┌──

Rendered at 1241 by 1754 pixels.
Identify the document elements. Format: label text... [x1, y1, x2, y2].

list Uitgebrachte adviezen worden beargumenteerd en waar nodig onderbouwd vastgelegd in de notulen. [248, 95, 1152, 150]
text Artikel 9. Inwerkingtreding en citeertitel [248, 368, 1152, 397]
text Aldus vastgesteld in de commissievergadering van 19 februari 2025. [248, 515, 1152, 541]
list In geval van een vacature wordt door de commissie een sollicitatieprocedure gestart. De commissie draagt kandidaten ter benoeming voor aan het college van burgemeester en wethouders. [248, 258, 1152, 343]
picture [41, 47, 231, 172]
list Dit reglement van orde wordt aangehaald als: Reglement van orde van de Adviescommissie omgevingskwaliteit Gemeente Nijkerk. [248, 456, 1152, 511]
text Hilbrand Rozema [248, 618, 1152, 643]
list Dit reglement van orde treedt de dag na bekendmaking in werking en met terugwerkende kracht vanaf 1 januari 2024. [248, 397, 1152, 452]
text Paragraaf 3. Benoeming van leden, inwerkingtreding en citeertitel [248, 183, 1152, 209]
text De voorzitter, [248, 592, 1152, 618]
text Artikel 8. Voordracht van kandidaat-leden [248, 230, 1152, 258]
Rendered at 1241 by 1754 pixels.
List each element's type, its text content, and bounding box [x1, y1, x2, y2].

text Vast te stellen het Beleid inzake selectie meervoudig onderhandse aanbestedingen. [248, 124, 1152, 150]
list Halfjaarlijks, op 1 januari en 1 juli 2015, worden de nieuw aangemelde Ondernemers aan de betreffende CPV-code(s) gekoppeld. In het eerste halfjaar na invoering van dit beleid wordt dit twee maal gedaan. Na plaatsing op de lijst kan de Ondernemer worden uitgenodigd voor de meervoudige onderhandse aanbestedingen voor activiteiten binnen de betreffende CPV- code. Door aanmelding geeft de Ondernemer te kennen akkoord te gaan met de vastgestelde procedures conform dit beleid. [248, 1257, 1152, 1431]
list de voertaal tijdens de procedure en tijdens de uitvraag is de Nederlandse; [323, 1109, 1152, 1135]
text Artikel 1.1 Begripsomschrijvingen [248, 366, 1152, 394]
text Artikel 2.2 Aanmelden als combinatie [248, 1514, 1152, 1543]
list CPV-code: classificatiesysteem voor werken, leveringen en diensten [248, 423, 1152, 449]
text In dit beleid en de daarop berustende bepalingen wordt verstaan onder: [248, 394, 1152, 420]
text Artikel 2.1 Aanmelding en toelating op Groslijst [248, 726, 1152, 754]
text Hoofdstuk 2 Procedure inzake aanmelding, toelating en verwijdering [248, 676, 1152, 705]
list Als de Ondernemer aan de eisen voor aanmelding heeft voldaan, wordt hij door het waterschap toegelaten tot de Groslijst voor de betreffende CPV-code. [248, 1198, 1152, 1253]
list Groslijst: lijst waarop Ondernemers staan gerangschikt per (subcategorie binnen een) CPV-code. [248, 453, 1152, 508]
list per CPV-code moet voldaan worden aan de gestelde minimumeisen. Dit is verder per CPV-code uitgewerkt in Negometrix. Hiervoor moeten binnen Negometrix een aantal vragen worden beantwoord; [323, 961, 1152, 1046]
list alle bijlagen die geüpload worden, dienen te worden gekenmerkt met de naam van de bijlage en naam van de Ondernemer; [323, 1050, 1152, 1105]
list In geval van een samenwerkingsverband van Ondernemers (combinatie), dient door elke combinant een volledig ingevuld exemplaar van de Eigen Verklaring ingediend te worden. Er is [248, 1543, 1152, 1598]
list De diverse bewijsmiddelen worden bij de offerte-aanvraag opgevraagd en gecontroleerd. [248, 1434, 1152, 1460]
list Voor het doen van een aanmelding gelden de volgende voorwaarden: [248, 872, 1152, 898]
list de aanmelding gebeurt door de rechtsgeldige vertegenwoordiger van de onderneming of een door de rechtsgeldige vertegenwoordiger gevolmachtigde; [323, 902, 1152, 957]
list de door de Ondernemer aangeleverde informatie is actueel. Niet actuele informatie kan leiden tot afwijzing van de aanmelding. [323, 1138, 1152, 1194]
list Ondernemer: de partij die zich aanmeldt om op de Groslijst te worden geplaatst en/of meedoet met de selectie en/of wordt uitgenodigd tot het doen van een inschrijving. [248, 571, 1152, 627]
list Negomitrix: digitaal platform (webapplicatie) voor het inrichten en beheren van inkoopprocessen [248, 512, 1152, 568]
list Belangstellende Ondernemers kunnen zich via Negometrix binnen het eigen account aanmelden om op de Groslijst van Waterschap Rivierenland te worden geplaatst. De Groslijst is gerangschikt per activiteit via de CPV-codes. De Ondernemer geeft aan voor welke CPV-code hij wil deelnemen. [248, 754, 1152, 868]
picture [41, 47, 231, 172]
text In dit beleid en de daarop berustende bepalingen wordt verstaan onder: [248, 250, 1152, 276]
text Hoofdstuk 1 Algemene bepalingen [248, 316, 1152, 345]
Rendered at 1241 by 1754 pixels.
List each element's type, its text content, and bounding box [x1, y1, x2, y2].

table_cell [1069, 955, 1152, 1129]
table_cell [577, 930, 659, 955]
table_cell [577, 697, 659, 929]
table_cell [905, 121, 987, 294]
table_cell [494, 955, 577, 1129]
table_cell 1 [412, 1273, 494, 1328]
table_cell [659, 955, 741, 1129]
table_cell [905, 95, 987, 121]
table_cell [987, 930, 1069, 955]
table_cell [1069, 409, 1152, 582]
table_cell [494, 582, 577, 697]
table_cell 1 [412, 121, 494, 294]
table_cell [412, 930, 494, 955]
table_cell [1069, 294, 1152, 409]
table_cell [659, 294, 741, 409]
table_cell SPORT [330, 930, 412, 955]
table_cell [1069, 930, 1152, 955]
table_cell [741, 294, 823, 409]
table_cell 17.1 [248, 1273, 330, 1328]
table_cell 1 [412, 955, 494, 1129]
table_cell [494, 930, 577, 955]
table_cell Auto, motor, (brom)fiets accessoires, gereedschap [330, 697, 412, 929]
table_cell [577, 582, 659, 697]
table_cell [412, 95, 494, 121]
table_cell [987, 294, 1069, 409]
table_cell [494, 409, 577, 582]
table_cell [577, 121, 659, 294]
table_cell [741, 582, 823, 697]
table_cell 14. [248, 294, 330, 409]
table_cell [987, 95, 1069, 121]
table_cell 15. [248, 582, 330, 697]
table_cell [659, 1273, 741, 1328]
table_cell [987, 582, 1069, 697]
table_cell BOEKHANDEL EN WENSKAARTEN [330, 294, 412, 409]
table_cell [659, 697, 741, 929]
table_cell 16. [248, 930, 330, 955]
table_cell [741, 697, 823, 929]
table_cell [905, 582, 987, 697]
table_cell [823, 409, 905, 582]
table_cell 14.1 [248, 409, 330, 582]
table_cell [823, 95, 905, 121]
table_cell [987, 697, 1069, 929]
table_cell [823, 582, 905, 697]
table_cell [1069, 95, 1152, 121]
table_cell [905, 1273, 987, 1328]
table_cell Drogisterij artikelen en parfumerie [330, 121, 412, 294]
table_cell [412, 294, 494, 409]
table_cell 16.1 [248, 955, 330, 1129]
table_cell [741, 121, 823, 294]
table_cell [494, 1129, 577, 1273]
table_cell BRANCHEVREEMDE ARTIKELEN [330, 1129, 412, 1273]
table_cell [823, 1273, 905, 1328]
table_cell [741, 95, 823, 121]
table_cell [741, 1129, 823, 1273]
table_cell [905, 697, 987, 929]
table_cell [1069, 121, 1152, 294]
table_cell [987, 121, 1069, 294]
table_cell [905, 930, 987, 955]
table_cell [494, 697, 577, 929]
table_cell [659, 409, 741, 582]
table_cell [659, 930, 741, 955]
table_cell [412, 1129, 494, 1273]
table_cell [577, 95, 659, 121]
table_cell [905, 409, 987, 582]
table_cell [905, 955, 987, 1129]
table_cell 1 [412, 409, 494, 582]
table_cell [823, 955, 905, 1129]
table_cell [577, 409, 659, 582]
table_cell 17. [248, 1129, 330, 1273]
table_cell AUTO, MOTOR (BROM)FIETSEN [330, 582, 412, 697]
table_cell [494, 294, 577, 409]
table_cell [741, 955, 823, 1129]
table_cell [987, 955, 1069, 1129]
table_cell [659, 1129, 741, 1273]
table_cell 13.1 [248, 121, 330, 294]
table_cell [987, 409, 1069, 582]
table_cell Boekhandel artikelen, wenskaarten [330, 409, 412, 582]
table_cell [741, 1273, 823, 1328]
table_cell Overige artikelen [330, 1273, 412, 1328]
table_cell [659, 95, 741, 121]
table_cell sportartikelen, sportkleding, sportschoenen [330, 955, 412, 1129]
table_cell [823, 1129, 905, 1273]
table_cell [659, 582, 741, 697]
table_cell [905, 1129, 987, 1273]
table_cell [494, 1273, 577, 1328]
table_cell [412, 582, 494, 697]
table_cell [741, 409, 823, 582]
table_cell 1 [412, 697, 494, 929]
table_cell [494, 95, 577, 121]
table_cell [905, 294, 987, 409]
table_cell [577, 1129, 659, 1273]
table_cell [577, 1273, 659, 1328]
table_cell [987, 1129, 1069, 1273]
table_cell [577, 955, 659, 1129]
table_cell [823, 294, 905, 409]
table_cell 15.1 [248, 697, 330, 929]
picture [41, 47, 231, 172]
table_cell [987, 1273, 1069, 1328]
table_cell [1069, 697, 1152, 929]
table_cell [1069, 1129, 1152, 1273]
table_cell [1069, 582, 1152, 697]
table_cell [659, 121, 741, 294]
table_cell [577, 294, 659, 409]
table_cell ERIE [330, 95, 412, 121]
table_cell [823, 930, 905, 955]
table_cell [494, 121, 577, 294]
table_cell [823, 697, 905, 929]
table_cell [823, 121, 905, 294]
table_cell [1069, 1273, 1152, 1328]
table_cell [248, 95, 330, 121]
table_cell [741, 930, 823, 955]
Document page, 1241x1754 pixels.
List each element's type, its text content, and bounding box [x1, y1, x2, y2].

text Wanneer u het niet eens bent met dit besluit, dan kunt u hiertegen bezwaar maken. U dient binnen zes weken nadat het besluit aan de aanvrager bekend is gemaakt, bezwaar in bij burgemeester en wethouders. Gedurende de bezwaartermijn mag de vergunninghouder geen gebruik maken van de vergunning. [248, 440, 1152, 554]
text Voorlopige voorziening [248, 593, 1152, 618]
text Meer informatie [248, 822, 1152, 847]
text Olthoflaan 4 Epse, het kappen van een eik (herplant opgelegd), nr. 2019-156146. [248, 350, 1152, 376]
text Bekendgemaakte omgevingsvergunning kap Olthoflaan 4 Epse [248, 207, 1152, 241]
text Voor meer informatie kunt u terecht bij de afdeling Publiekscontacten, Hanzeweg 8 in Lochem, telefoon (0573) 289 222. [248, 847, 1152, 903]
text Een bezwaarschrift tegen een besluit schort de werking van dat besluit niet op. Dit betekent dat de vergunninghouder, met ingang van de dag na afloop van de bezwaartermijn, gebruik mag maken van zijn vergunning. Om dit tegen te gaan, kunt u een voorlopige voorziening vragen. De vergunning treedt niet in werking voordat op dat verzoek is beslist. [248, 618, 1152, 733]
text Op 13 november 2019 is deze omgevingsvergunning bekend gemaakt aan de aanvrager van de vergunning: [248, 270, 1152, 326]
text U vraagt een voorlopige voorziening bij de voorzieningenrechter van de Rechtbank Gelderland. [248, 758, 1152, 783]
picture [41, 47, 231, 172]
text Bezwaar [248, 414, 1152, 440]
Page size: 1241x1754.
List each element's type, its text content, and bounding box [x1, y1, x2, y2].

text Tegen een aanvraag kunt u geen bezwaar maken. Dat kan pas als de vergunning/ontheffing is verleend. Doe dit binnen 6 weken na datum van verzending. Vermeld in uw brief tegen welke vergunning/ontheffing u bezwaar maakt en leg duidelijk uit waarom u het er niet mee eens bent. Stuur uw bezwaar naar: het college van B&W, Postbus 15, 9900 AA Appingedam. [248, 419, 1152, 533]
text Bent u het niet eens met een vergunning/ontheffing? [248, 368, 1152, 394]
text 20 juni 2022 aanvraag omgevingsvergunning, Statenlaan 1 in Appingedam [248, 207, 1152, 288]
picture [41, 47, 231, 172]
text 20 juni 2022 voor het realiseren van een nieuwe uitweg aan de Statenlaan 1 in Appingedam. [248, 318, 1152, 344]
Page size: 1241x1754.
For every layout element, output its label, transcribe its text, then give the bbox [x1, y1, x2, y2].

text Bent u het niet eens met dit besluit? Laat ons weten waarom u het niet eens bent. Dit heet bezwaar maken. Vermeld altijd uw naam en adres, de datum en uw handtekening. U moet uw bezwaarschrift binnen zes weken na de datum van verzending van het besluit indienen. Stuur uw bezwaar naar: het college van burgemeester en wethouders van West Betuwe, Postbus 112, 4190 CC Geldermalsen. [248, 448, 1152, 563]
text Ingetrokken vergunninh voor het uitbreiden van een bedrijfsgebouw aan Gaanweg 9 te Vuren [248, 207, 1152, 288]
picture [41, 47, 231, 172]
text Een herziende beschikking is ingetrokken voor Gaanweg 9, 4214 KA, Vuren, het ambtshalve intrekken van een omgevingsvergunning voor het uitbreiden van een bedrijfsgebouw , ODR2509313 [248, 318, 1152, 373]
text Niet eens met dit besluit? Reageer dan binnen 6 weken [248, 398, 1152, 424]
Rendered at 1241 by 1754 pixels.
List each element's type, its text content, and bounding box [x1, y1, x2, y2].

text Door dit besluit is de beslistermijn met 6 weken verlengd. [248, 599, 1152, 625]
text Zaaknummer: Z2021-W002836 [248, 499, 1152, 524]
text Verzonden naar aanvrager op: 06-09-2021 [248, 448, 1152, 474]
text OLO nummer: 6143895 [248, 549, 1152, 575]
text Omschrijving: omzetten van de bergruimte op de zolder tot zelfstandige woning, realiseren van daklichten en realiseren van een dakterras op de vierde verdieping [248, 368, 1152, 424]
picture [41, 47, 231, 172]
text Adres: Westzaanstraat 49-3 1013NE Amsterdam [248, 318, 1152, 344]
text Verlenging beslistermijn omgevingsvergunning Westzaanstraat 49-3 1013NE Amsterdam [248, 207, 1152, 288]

└──

:: What the task asks ::
Reproduce only the lines above spanning from the line containing "table_cell [1069, 121, 1152, 294]" through the line containing "table_cell [905, 409, 987, 582]", word for word.

:: Exercise output ::
table_cell [1069, 121, 1152, 294]
table_cell [987, 121, 1069, 294]
table_cell [905, 930, 987, 955]
table_cell [494, 697, 577, 929]
table_cell [659, 409, 741, 582]
table_cell [659, 930, 741, 955]
table_cell [412, 1129, 494, 1273]
table_cell [577, 95, 659, 121]
table_cell [905, 409, 987, 582]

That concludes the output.